People v. Morrow

Sharpstein J., dissenting:

I dissent. The Code provides that on all proper occasions the jury shall be instructed: “That their power of judging *148of the effect of evidence is not arbitrary, but to be exercised with legal discretion and in subordination to the rules of evidence.” (C. C. P. 2,061.)

I know of no rule of evidence by which a jury would be authorized to reject the evidence of a witness because it was not convincing, and did not carry with it a belief in its truth.

If convinced that it was untrue the right to reject it would be clear. But there is a substantial difference between evidence that fails to convince and to carry with it a belief in its truth and that which carries with it a belief in its falsity.

If satisfied that it was false the jury might properly reject - it. Otherwise it should have been considered in connection with the other evidence. If the evidence of the defendant was favorable to himself, and convincing, and carried with it a belief in its truth, no other evidence would have been required to establish his innocence. I do not think that any witness is required to inspire in the minds of the jury such implicit confidence in the accuracy of his evidence as this instruction requires in order to have it considered in connection with the other evidence in the case. The jury had no more right to reject the evidence of the defendant on that ground than it would have to reject the evidence of any other witness on that ground. The law does not require that a defendant’s evidence shall be more convincing than that of any other witness to entitle it to consideration.

The other instruction, though less objectionable than the one which I have noticed, was, I think, more likely to mislead than to aid the jury in any attempt it might make to distinguish between the two classes of evidence referred to.

I therefore think that the judgment should be reversed,

McKee, J,:

I dissent.
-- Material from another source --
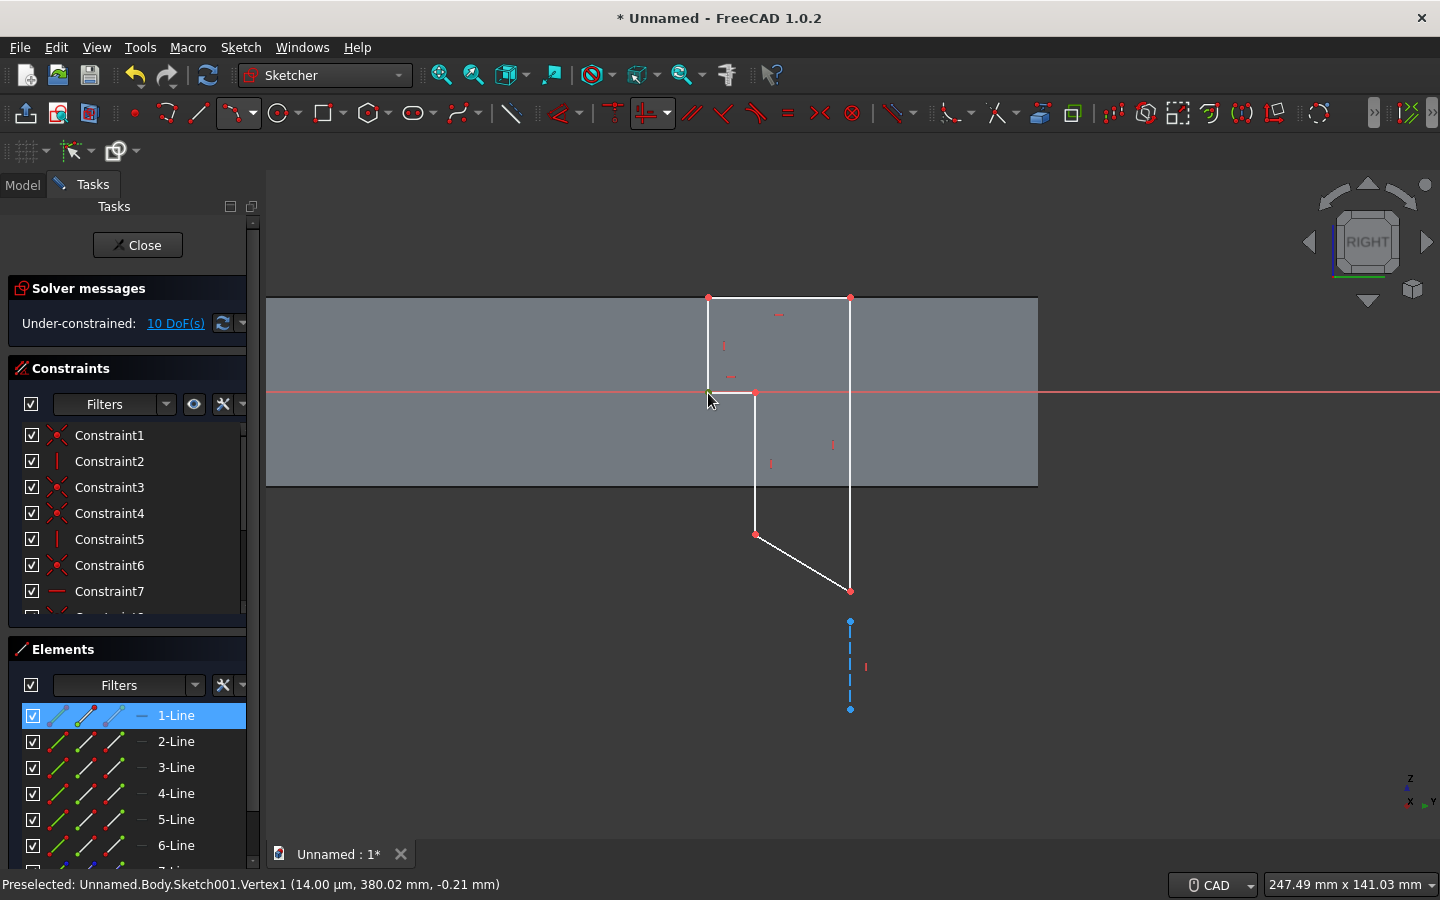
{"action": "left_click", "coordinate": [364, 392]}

Although the last instruction, as set forth in the prevailing opinion, has been approved in the case of The People v. Cronin, it is, in my judgment, not law.

In the case in hand, the defendant had testified in his own behalf; and the jury were told, substantially, not to act upon his testimony, unless it was convincing and carried with it a belief in its truth. Such an instruction as to the testimony of any other witness would not be upheld, and yet a defend*149ant as a witness in his own behalf is entitled to the same right as any other witness to have his testimony weighed and considered by the jury in connection with the facts and circumstances of the case. To tell a jury that they are not to act at all upon the testimony of a witness, unless it produces conviction in their minds, is to take away from them all discretion of judging whether part of the testimony may be true, and part of it untrue, or how far any of it may be corroborated by any other testimony, or by the facts and circumstances of the case.
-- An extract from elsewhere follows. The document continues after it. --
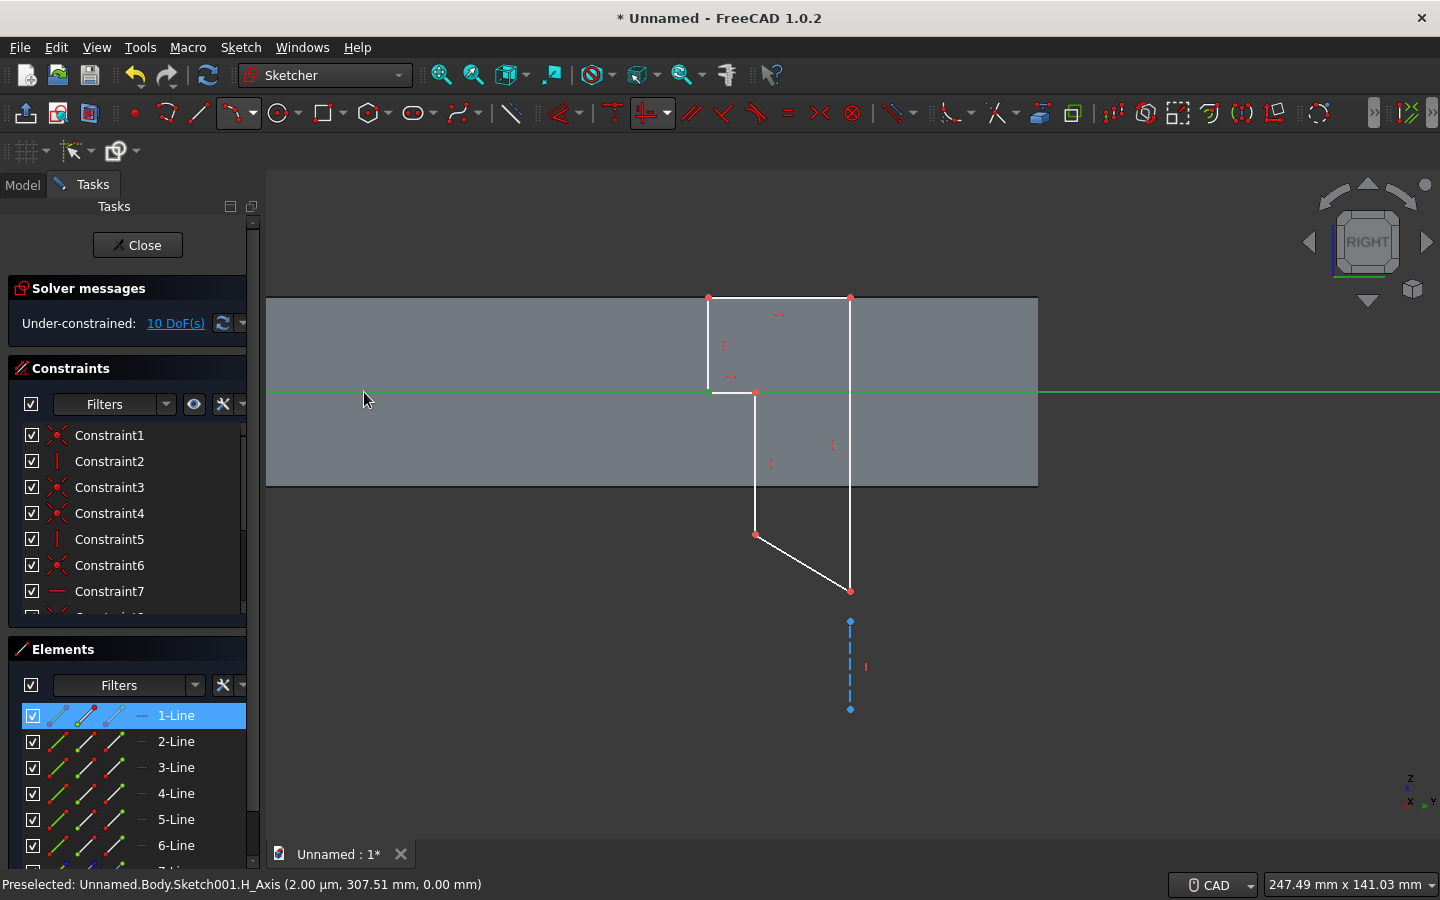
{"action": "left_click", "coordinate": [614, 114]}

Of course, if the defendant’s testimony or, indeed, the testimony of any other witness, satisfies the minds of the jurors of its truth, that would be conclusive of the facts established by it. Being convincing, the jurors are bound by it. But it may be less than convincing, and yet not absolutely false. It may be true in part and untrue in part. Some of it may be corroborated by the testimony of other credible witnesses, or by some of the facts and circumstances developed by their testimony. If so, a jury would have no right to disregard the testimony. A jury is not bound to take the whole of the testimony of any witness. His statement may not be convincing: that is rarely attainable in judicial proceedings. But it is the duty of the jury to weigh the testimony,' and if any part of it is corroborated by other credible witnesses it is entitled to due consideration in connection with the probabilities of the case. Otherwise the privilege of being sworn as a witness in his own behalf is, to a defendant, a mockery.